▶ _Saved entries_
____________
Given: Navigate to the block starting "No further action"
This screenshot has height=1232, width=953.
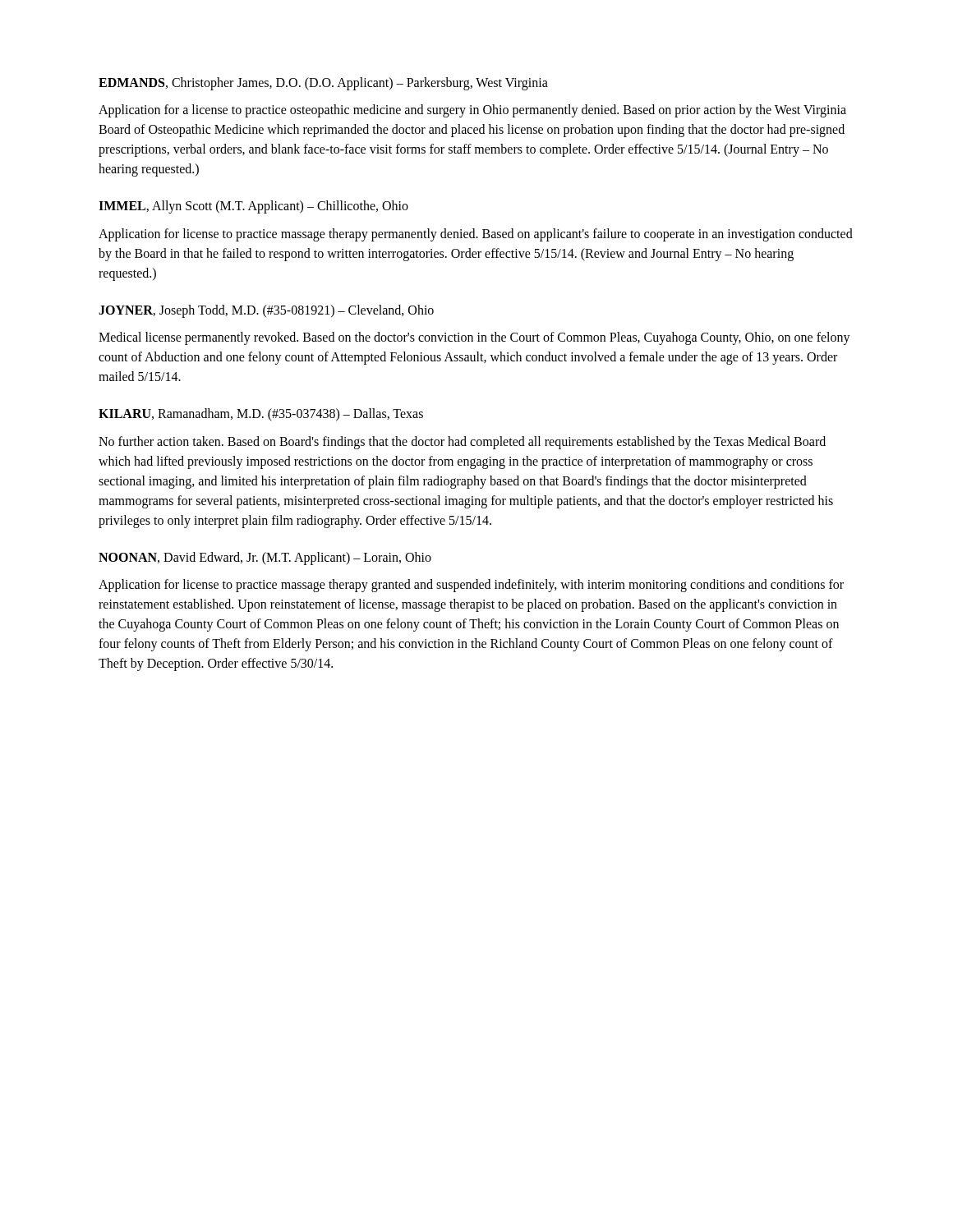Looking at the screenshot, I should 466,481.
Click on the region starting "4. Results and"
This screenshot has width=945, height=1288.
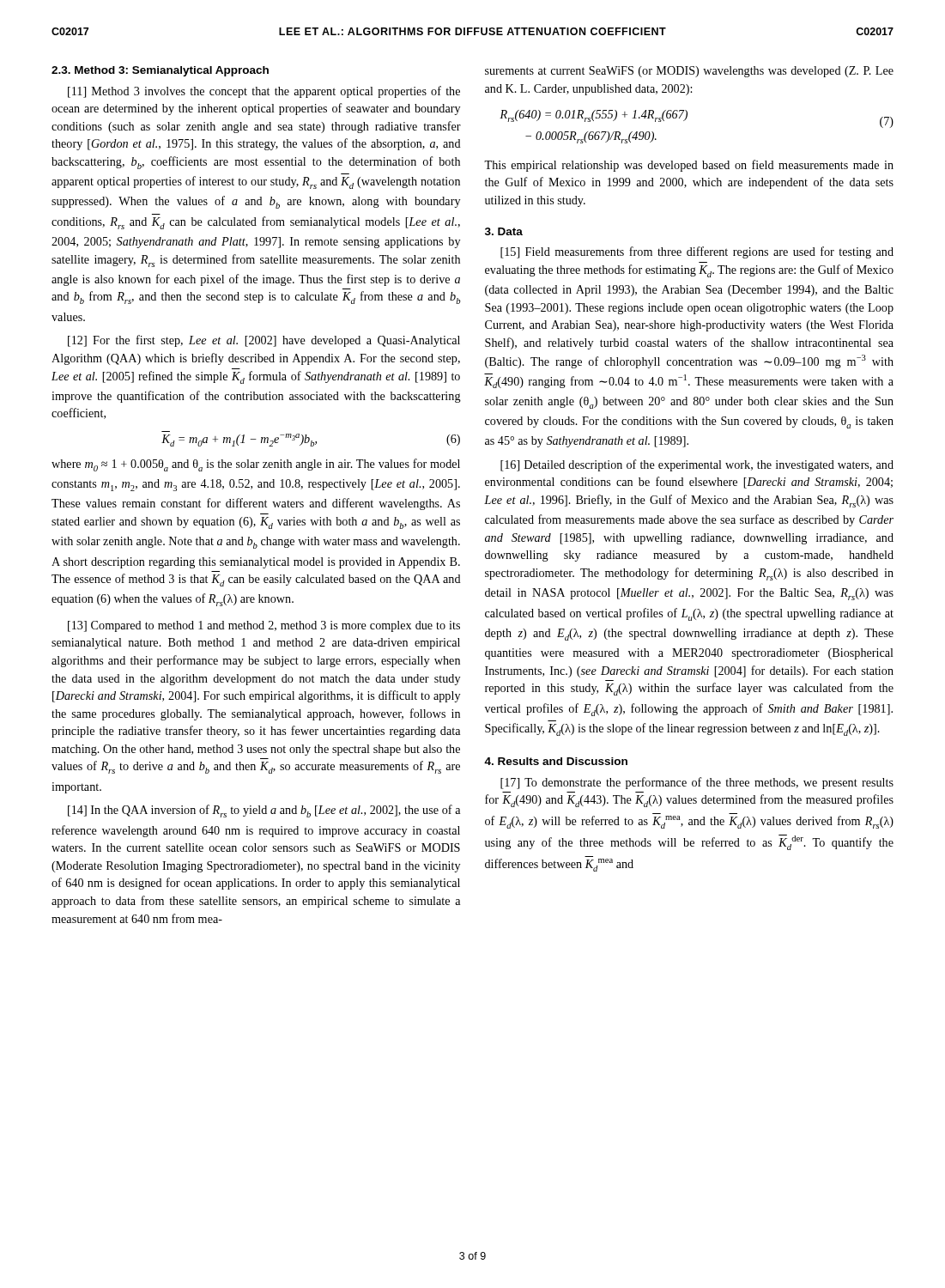coord(556,761)
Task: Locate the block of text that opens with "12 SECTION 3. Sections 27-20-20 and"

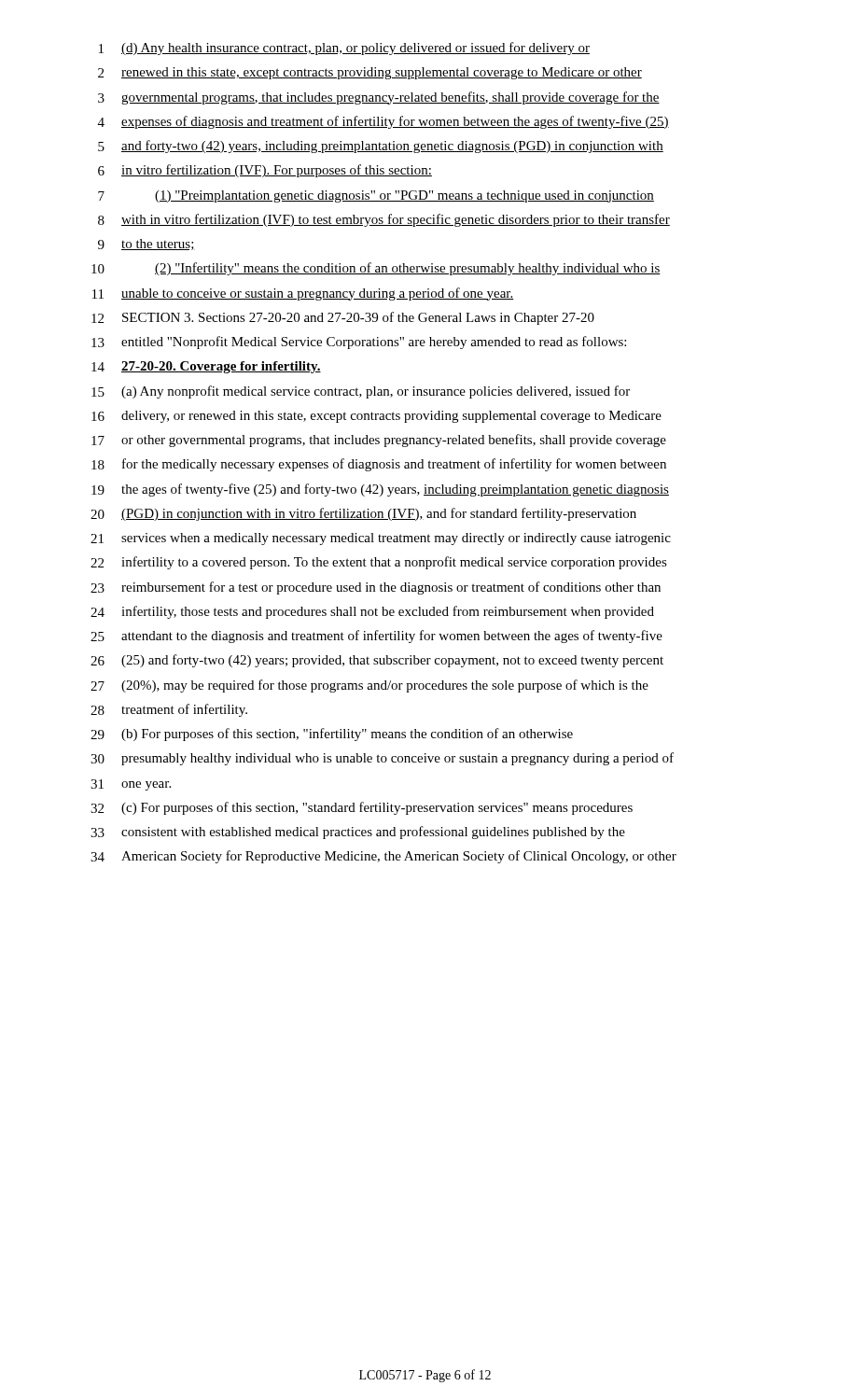Action: tap(434, 318)
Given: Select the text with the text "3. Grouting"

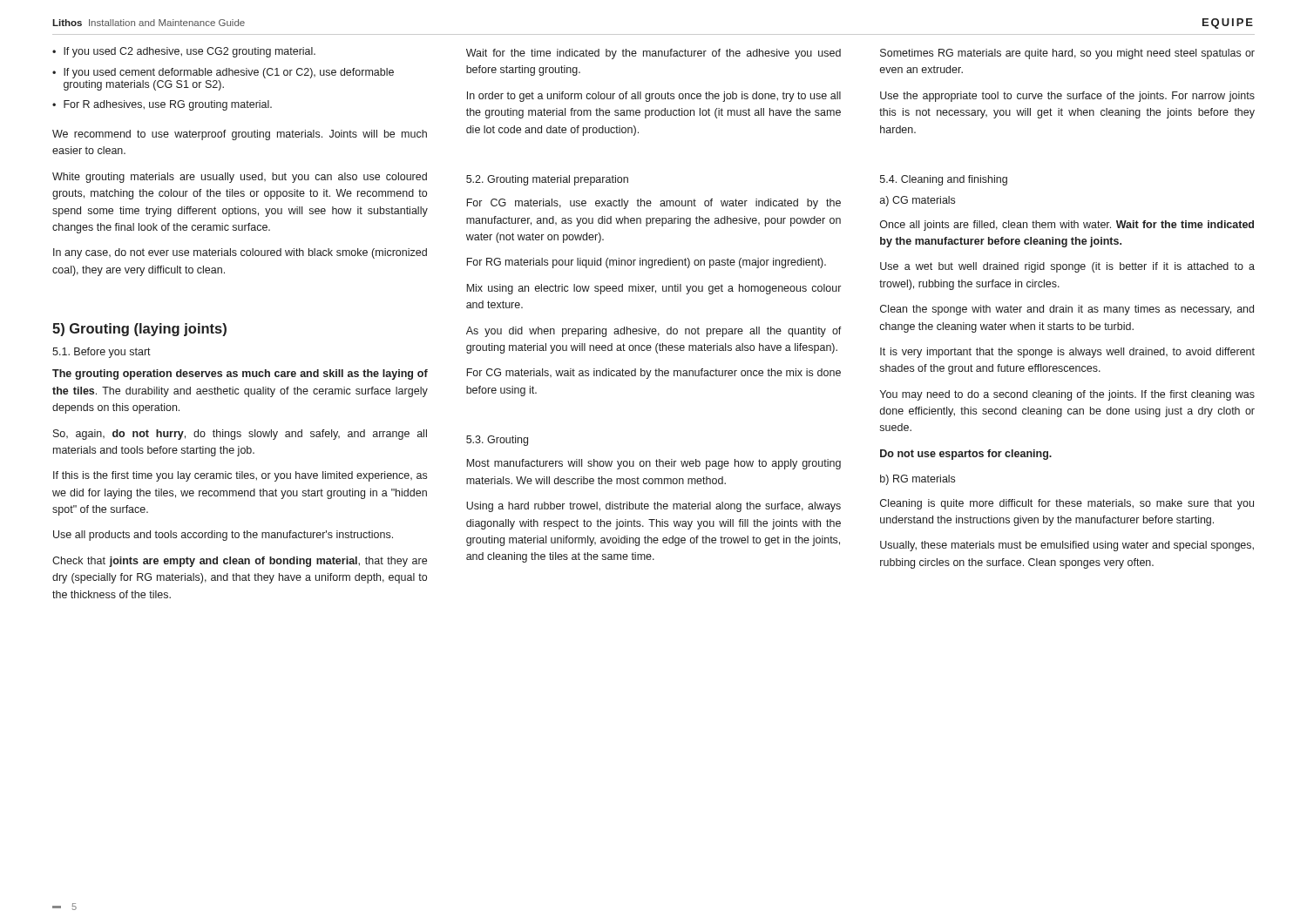Looking at the screenshot, I should coord(497,441).
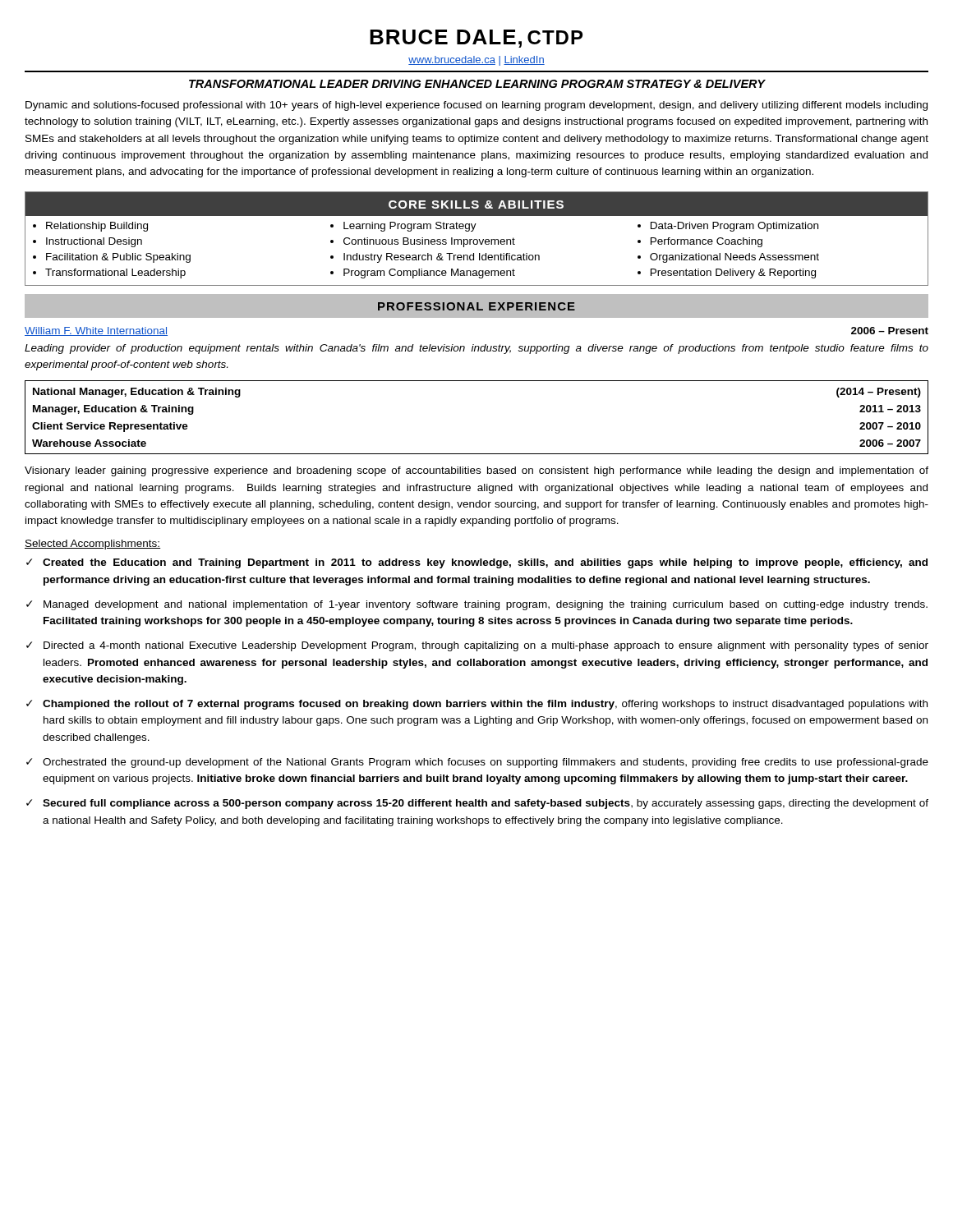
____________
▶ _ACTIVITY_
When a line of the entries contains the word "starting", it counts toward the total; reply with that total alone.

▶ _ANSWER TO THIS EXERCISE_
2